These temps have little MCJI capability anyway. The MCJI ratios aren't even distinguished from the LCJI/XLCJI ones. For example ~55/48 isn't even different from ~8/7 so the harmonic clarity of 8/7 dominates. Calling them simple subgroup ratios apparently gives them structural significance, but I think exactly the opposite cuz when a composer thinks about the major third in meantone for example they think about ~5/4, not ~81/64 even tho it structurally is. It being ~81/64 is a trivial piece of information cuz of course it's ~(9/8)². Similarly, ~64/49 is trivial cuz it's ~(8/7)² and more importantly no one thinks about the step as that when it's tempered to 17/13~21/16. ~64/49 is a result from some arithmetic; that's all. It doesn't add any insight. Compare it to comma steps such as ~56/55, which separates ~11/8 and ~7/5 with real consequences on the characteristics of the temp.

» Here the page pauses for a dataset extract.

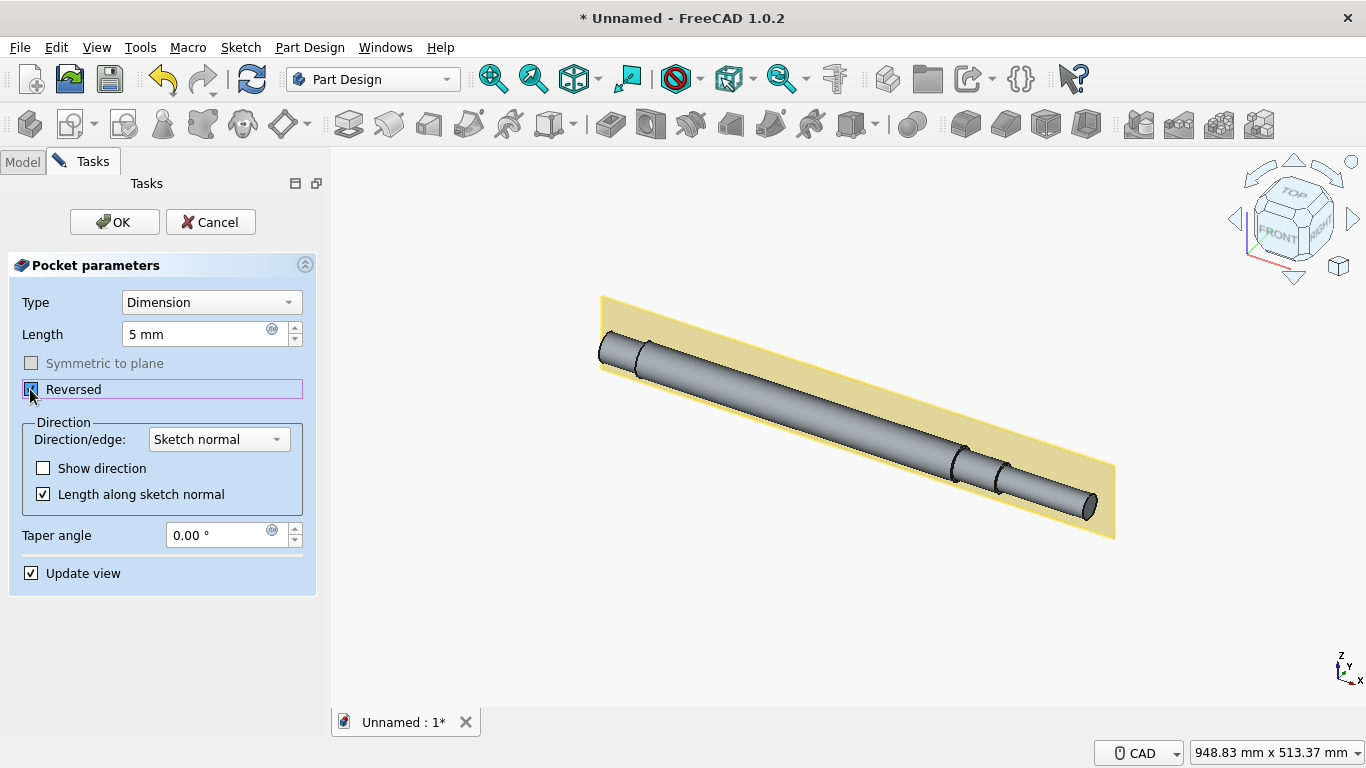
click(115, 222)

The articles I cited are the core-RTT and well-maintained ones. The fact that they are old but means they are the best models to follow. At least, they bear greater credibility than the recent niche turf made by inexperienced editors that few other editors will ever notice and care enough to rectify, such as CompactStar's non-octave temps, Vector's Fendo, Ntiscifer or less peculiarly the pre-cleanup version of Ultrapyth. Again, I can't emphasise enough how much concise and clean tables enhance reading experience and make readers stay (I might wanna mention the interval table of 58edo has been enjoyable to read while Godtone's table for 63edo has driven me nuts; this could have to do with how our brains are built differently).

Given all that, I still think we should generally only present the harmonically significant intervals and structurally significant comma steps in the interval tables.

I'd argue 13-limit rodan is the most harmonically coherent out of all of the extensions thanks to parapyth/pele/sensamagic, but that's really an insignificant point now, given there are plenty of other reasons that help to determine where to set the cut.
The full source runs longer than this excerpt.